Ride-hailing service Sidecar will start delivering marijuana to San Franciscans who have prescriptions. It has partnered with Meadow, the on-demand weed company born out of the selective Y Combinator accelerator.
Some Sidecar drivers — those with medical marijuana cards of their own — will pick up weed packages from Meadow’s partnering dispensary — the Apothecarium — and deliver them to customers. A Sidecar spokesperson says this is entirely legal under California’s Medical Marijuana Patient Protection Act.

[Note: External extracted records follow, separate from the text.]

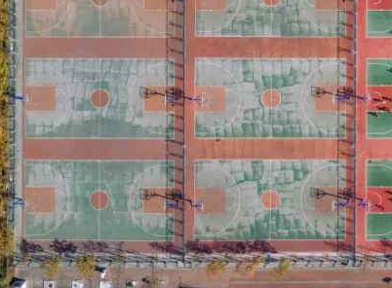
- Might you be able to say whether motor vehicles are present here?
No
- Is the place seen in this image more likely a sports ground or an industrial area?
sports ground
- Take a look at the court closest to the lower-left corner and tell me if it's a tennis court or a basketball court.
basketball court
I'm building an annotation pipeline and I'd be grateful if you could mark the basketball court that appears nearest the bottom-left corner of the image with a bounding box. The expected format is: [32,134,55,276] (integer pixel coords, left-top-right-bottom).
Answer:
[26,160,175,241]
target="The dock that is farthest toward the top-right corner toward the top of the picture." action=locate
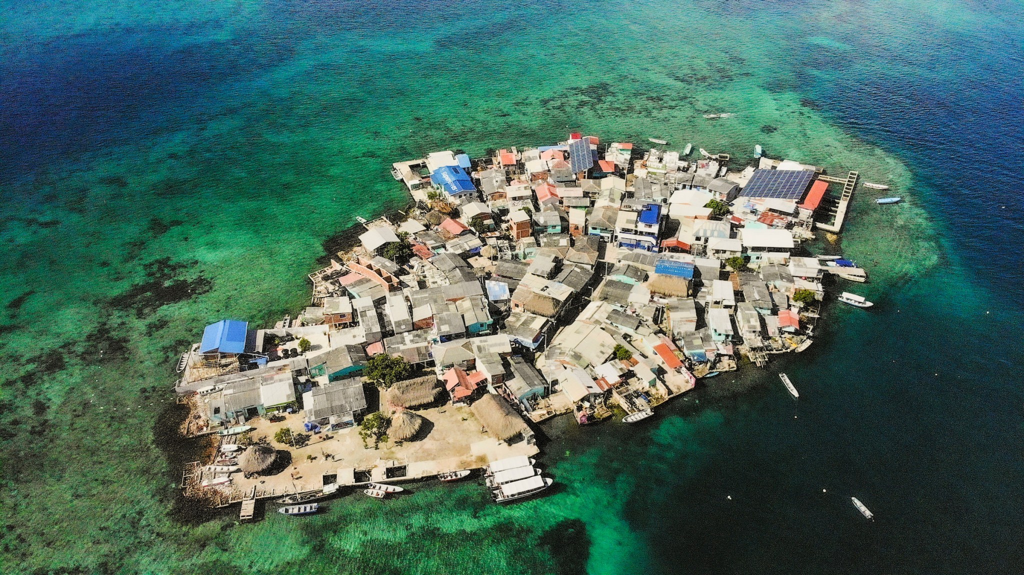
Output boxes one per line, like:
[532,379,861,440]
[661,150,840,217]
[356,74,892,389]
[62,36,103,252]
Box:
[815,170,858,233]
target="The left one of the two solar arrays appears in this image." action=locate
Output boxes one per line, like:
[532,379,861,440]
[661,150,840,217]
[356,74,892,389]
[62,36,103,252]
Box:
[569,137,593,186]
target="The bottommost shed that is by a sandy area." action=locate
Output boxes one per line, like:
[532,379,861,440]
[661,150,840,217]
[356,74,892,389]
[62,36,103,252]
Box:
[235,444,278,478]
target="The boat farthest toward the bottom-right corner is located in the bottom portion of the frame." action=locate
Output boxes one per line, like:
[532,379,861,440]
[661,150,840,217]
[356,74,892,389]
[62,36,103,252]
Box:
[852,495,875,519]
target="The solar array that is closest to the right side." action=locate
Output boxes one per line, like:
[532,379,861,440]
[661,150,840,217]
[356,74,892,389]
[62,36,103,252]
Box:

When asked whether he was worried that delivering weed could hurt Sidecar’s brand, given that it’s still a controversial substance, Sidecar’s CEO Sunil Paul demurred. “If it’s legal and fits in the car, we can deliver,” Paul said. “The same things we do for medical marijuana we can do for alcohol delivery.”
It’s a fundamental shift from Sidecar’s core product: Transporting people. Although it’s the original on-demand ride-hailing service, predating both Lyft and Uber, Sidecar has struggled to keep up with its younger siblings.
It introduced local deliveries in February as a way to grow its business, but Uber, Postmates, Caviar, DoorDash and a range of other companies are going after the same market.
Sidecar is hoping to carve out its own niche by doing custom deliveries, working with local businesses to meet their needs. Instead of trying to own the consumer relationship by being the front-facing app, Sidecar operates behind the scenes.
Before now, Meadow delivered weed using the dispensaries’ own drivers, but that didn’t scale particularly well. By tapping into Sidecar’s network, the weed company can offer delivery within the hour. Same-day delivery prices range from $4.99 to $14.99 and on-demand delivery ranges from $7.49 to $24.99 depending on time of day and delivery window.
Customers will order through the Meadow app or website, not the Sidecar one, and be capped at four orders, which is equivalent to one ounce of weed. Drivers will carry the packages in locked boxes and will be trained to vet recipients’ identification.
When asked whether Meadow considered contacting other ride companies like Uber or Lyft for a partnership, Meadow’s founder David Hua said it hadn’t crossed his mind. “It takes a lot to galvanize in-house research to create a new training program,” Hua said. “At this stage, we’re doubling down on the partnership we have with Sidecar.”